Ryanair is facing challenges in its business performance, leading to disappointment among investors. The Irish low-cost airline’s stock has dropped by 17% following a quarterly earnings report that fell short of expectations. Revenue remained at €3.6 billion ($4 billion), the same as the previous year, but profits plummeted nearly 50% to €336 million. CEO Michael O’Leary noted an increase in passenger numbers, with traffic climbing 10% to 55 million, but indicated that this growth comes with significant effort.
During the company’s earnings call, O’Leary stated, “Traffic growth is strong, but it’s only strong at a price,” explaining that the airline has been compelled to continuously incentivize ticket sales. He also expressed disappointment over close-in bookings, which have been weaker than anticipated, especially heading into the peak travel months of July, August, and September.

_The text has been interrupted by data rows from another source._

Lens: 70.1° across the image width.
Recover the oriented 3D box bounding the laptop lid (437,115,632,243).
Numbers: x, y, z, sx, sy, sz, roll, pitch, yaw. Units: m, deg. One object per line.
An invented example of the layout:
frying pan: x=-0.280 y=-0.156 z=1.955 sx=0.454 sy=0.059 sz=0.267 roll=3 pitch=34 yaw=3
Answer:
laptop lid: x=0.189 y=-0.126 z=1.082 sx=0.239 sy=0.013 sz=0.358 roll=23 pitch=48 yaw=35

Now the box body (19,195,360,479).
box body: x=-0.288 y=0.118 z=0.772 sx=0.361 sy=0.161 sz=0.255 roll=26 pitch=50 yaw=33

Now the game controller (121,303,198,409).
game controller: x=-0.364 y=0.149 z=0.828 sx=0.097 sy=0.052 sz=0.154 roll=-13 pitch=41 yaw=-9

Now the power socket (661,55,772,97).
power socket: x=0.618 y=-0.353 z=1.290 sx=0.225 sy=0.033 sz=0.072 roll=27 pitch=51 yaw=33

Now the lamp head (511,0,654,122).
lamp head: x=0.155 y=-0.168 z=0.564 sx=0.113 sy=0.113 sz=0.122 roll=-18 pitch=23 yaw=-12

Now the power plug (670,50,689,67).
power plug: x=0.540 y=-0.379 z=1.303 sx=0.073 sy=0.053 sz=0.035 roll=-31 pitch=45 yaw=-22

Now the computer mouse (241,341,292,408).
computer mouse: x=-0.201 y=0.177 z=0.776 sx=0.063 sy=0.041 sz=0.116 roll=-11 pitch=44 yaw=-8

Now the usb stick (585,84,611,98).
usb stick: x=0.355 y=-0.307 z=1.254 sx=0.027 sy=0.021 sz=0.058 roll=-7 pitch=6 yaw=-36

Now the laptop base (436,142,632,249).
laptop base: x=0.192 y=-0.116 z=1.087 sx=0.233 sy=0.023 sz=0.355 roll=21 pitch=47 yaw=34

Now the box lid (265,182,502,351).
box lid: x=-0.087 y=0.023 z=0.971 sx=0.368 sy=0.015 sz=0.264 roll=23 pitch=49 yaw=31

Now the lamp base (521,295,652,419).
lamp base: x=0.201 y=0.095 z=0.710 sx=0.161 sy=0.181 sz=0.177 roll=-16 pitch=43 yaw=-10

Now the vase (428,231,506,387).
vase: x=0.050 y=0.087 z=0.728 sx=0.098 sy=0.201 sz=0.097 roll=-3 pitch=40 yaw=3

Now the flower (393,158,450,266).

Compounding the issue of softer demand, Ryanair is also grappling with rising labor costs and has attributed some difficulties to Boeing’s ongoing delivery delays. O’Leary, who has expressed frustration with the aircraft manufacturer in the past, remains steadfast in his defense of the airline despite technical incidents, including a mid-flight emergency involving a 737 Max 9 this year.
Additionally, he indicated that customers are beginning to feel the pressures of economic challenges in the European Union, as years of inflation and stagnant growth take a toll. In light of this, O’Leary mentioned that reducing the number of aircraft may ultimately benefit Ryanair.
“We will have less capacity in summer 2025 than we initially planned due to Boeing delays, and following that, we expect two years with no growth in capacity,” O’Leary noted. “If consumer pressures continue for the next 12 to 18 months, this might not be the worst position for us to be in.”